- Born: Mumbai, India
- Occupation: Filmmaker
- Awards: National Film Award for Best Non-Feature Film (2012)

= Pramod Purswane =

Indian filmmaker

Pramod Purswane is an Indian filmmaker based in Mumbai, India. He received the National Film Award for Best Non-Feature Film at the 59th National Film Awards for his documentary titled And We Play On. The film revolves around the life of Vivek Singh, a former hockey Olympian who died from cancer in 2005.

== Early life ==
Purswane grew up in Mahim, Mumbai, where his father worked as the vice-principal of KJ Khilnani High School. In the late 1970s, the family faced financial challenges when his father switched to distributing and exhibiting Hindi films in the Middle East, a business affected by the home video boom in the early 1980s.
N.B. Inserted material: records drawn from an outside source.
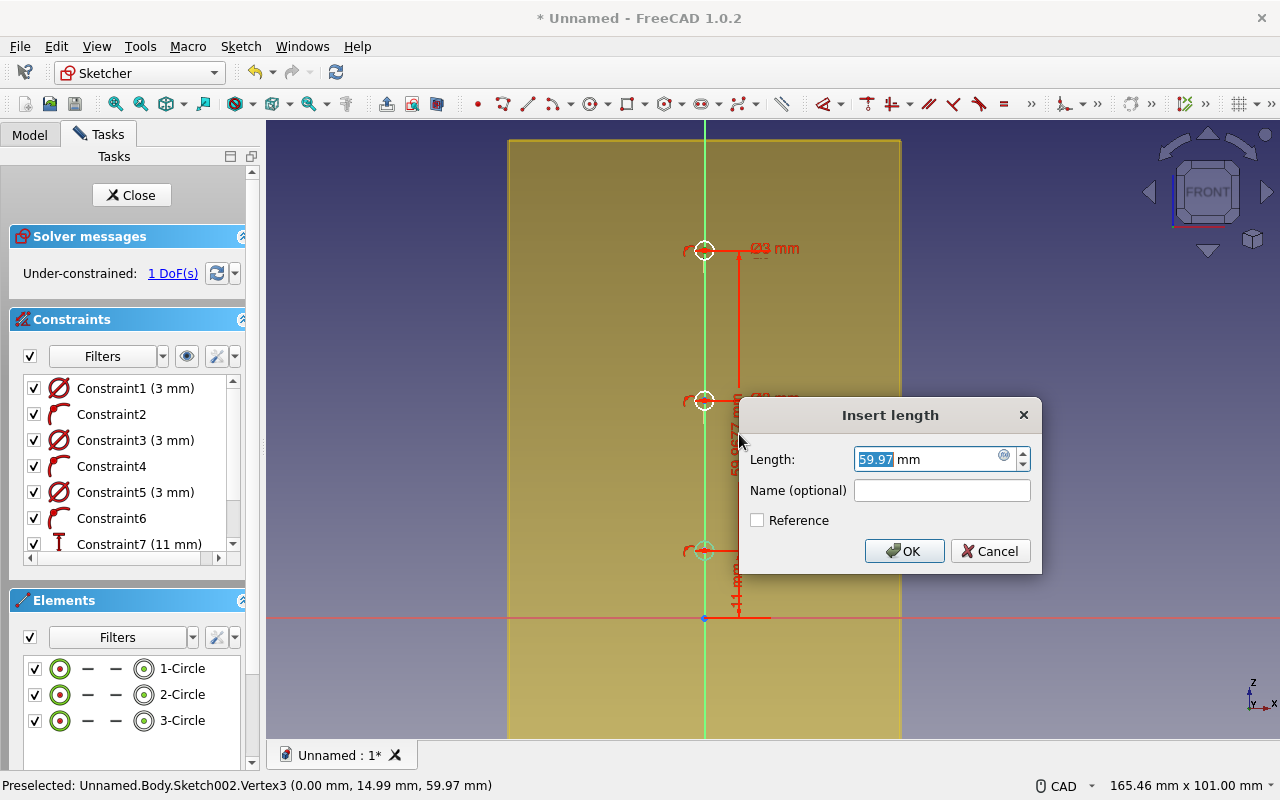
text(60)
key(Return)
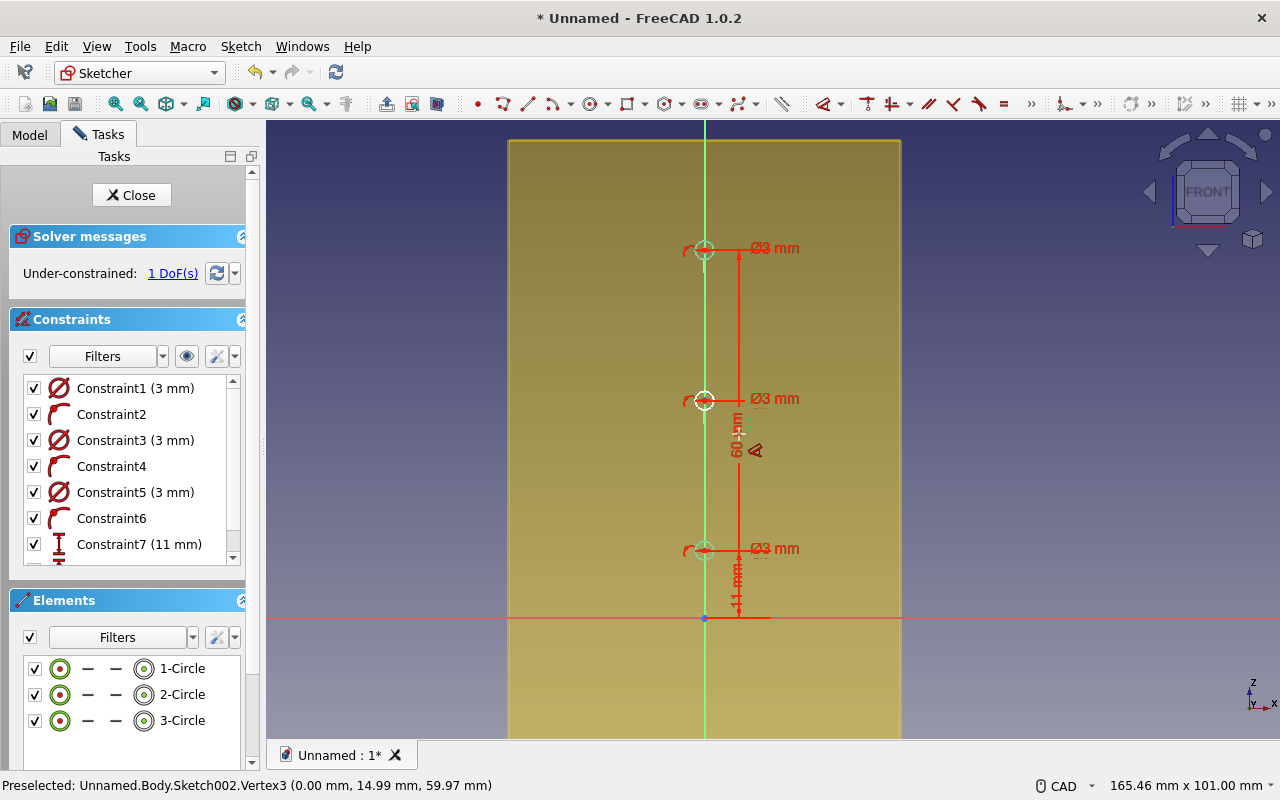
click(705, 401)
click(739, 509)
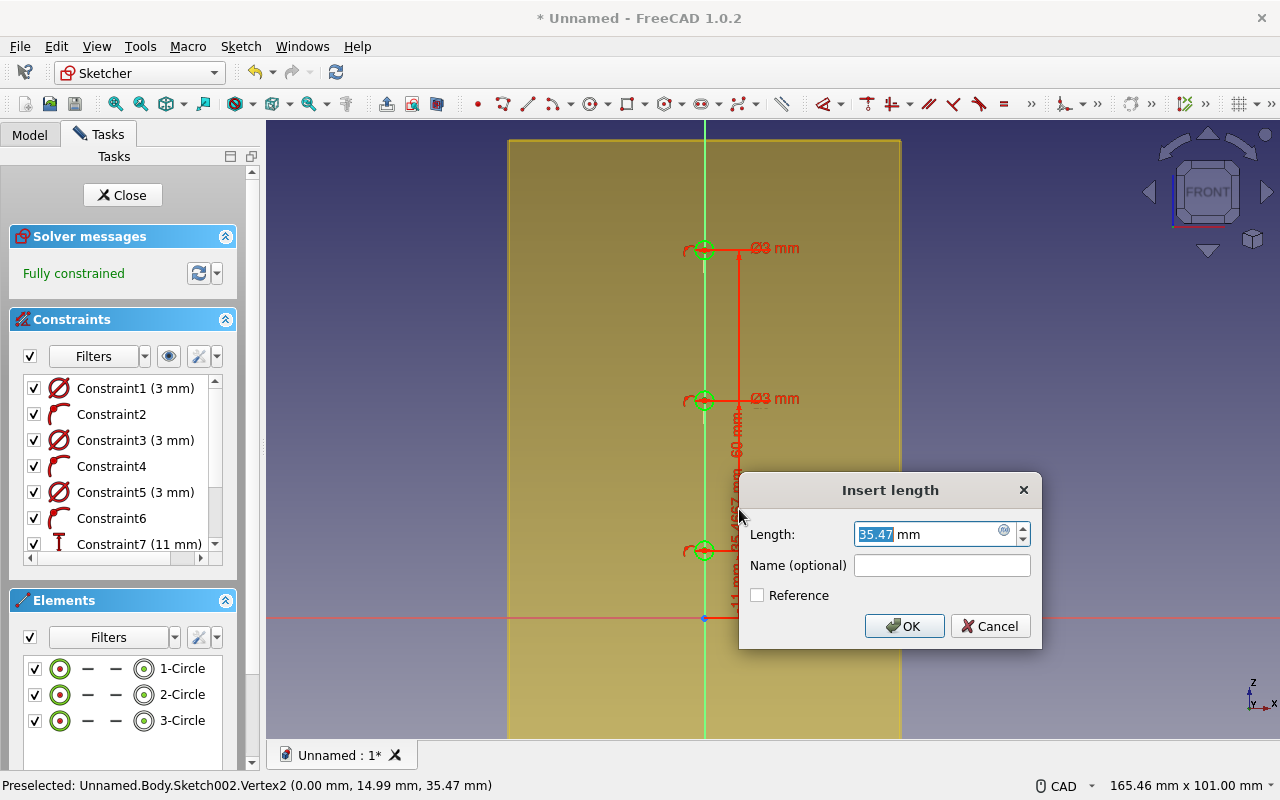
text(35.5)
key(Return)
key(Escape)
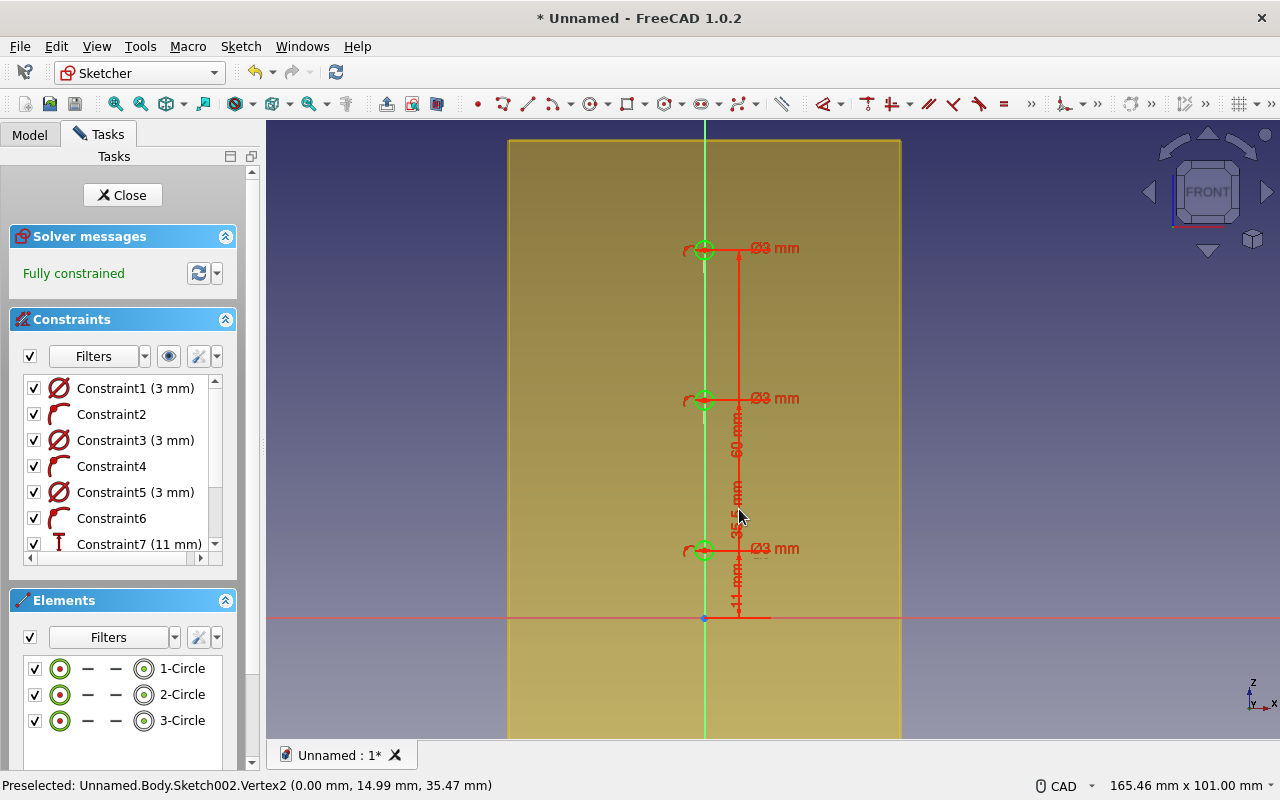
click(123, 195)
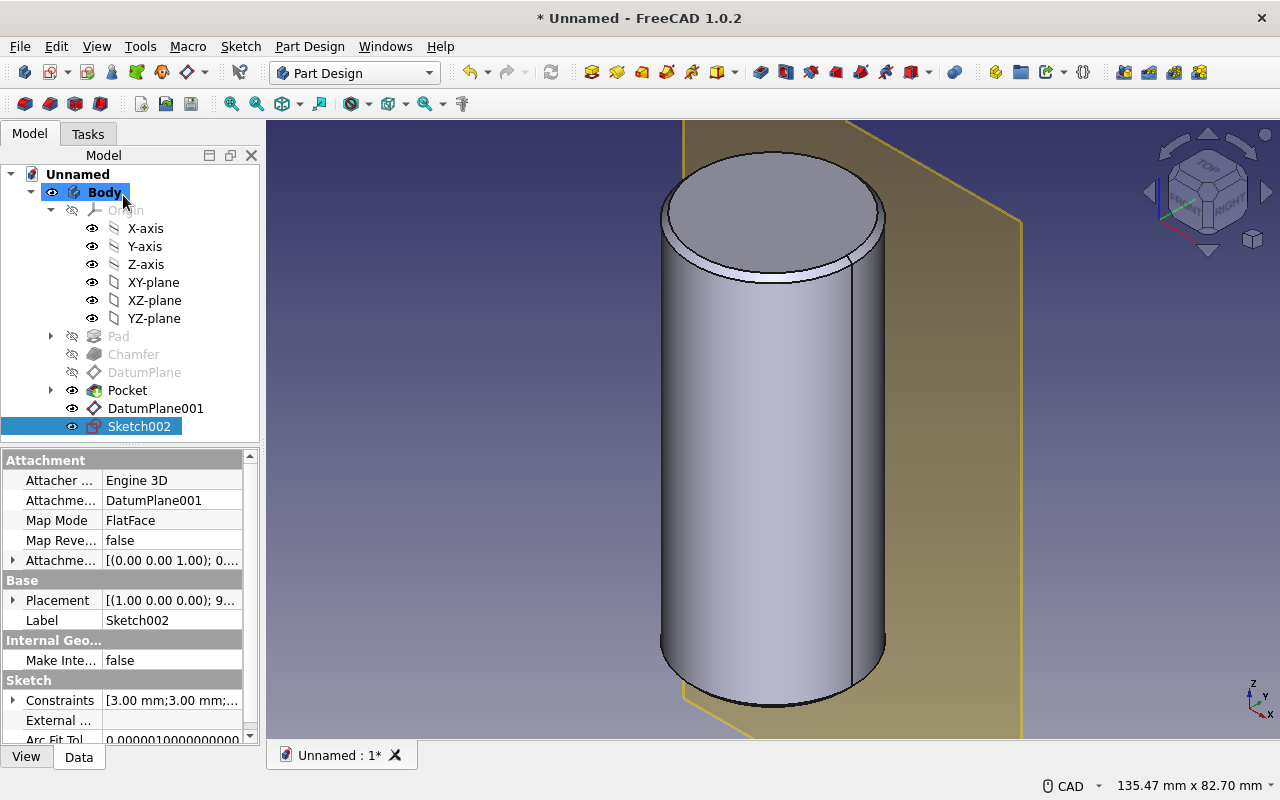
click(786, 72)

Purswane earned a post-graduate law degree from National College in Bandra in 1993.

After trying acting, advertising, and legal drafting, Purswane joined television as a production assistant in 2001.

== Career ==

=== And We Play On ===
Purswane made his directorial debut with And We Play On, a documentary about former hockey Olympian Vivek Singh, who battled cancer until his death in 2005. The film portrays Vivek's father, Gaurishankar Singh, a professor and hockey coach, who supported Vivek through a four-year battle against cancer. Vivek had played for the Indian hockey team from 1984 to 1990, including the 1988 Seoul Olympics.

=== Come December 3 ===
His another film, Come December 3, is a docudrama centered around the life of Ramakant Achrekar, who was a cricket coach known for coaching cricketer Sachin Tendulkar.

== Awards ==
In 2012, Pramod Purswane received the National Film Award for Best Non-Feature Film at the 59th National Film Awards for And We Play On.